Chevalier du lundi matin

Bidididip... Bidididip...

Le chevalier écrasa son réveil d'un mouvement lourd de la main. Il grogna, enfouit sa tête dans son oreiller et s'accrocha à sa couette. Comme si cela pouvait retarder le temps.

Allez. Il fallait se lever. Il se dirigea mollement vers sa salle de bains, s'aspergea le visage d'eau, décida qu'il avait la flemme de prendre une douche, qu'il se laverait ce soir, et il enfila un jogging par-dessus son caleçon. Puis il remplit la bouilloire, appuya sur le bouton et, en attendant que l'eau chauffe, ouvrit sa boîte mail.

Tiens, un message d'un magnat du pétrole.

Sa fille avait été enlevée par un dragon.

La bouilloire bipa et le chevalier versa l'eau chaude dans sa tasse sur un sachet de café instantané. Il but une gorgée, puis ouvrit Instagram et tapa le nom de la princesse dans la barre de recherche. Elle avait posté une story quelques minutes auparavant, depuis la caverne du dragon, et sa géolocalisation était activée. Tant mieux, elle lui facilitait le travail. Le chevalier termina son café, enfila ses rangers, attrapa son flingue et descendit les escaliers de l'immeuble.

Quelques minutes plus tard, il filait sur la départementale vers la princesse à sauver. « Dans cinquante mètres, tournez à droite », l'informa le GPS. Il activa le clignotant, inclina sa moto et, en un gros VROUM, prit la direction indiquée.

Par malchance, il y avait des bouchons sur le périf'. En plus, le klaxon magique de sa moto, supposé faire disparaître les voitures devant lui, était tombé en panne. Finalement, lorsqu'il sortit des embouteillages, il était déjà onze heures. Fichue circulation.

Finalement, le GPS lui indiqua qu'il était arrivé. Il se trouvait au milieu de nulle part, sur une petite route de campagne entourée de champs qui puaient l'engrais. C'était bien la peine de passer par le périf' si c'était pour arriver dans un bled pareil. Peut-être le GPS l'avait-il perdu ? Non, pour une fois, l'endroit indiqué était exact. Il s'en rendit compte à peine trois secondes plus tard, quand un puissant rugissement déchira ses tympans. Le dragon était là, grand, noir, l'air méchant. Il ouvrit la bouche pour cracher un jet de flammes...

Le chevalier fut plus rapide. Il évita les flammes, qui mirent le feu au champ derrière lui, mais ce n'était pas grave, le paysan avait sûrement une assurance ; il évita donc les flammes, dégaina son pistolet, tira. Mince ! Trop à gauche. C'est ça qui arrive quand on ne vous laisse pas le temps de prendre votre café tranquillement. Il recommença et cette fois-ci, toucha le monstre en pleine tête. Bingo.

La princesse l'attendait un peu plus loin. Elle était plutôt sexy avec sa minijupe, ses bottes de cuir et son débardeur à dentelles. Le chevalier l'invita à prendre place sur sa moto - et se rendit compte seulement à ce moment qu'il avait oublié de lui prendre un casque. Tant pis, il lui prêta le sien et croisa les doigts pour ne pas se faire contrôler.

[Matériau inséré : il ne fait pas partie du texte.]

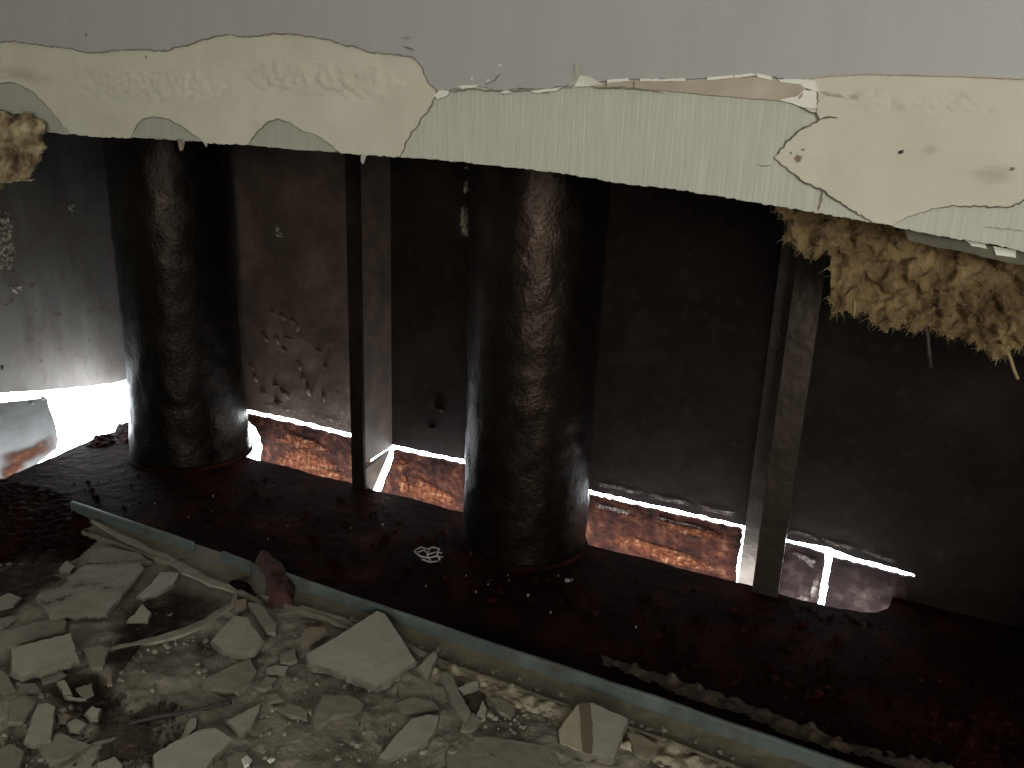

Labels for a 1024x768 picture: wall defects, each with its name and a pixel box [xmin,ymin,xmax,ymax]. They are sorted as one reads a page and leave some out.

Ils s'arrêtèrent à un fast food pour déjeuner. Les hamburgers étaient vraiment mauvais, mais bon, on faisait avec ce qu'on avait. Le chevalier essaya ensuite de draguer la princesse, mais celle-ci lui conseilla d'aller se faire foutre et préféra plutôt envoyer un SMS à sa marraine. Celle-ci arriva quelques minutes plus tard sur son aspirateur volant. C'était une petite vieille aux cheveux blancs qui, au vu de sa tronche, devait probablement vivre seule avec ses chats. La vieille fée et sa filleule décollèrent, laissant le chevalier payer l'addition.

Il était dix-huit heures quand le chevalier regagna enfin son appartement. Il s'affala sur son canapé, alluma la télé et se commanda une pizza. Dur boulot d'être chevalier. Un de ces quatre, il démissionnerait et prendrait un job de bureau.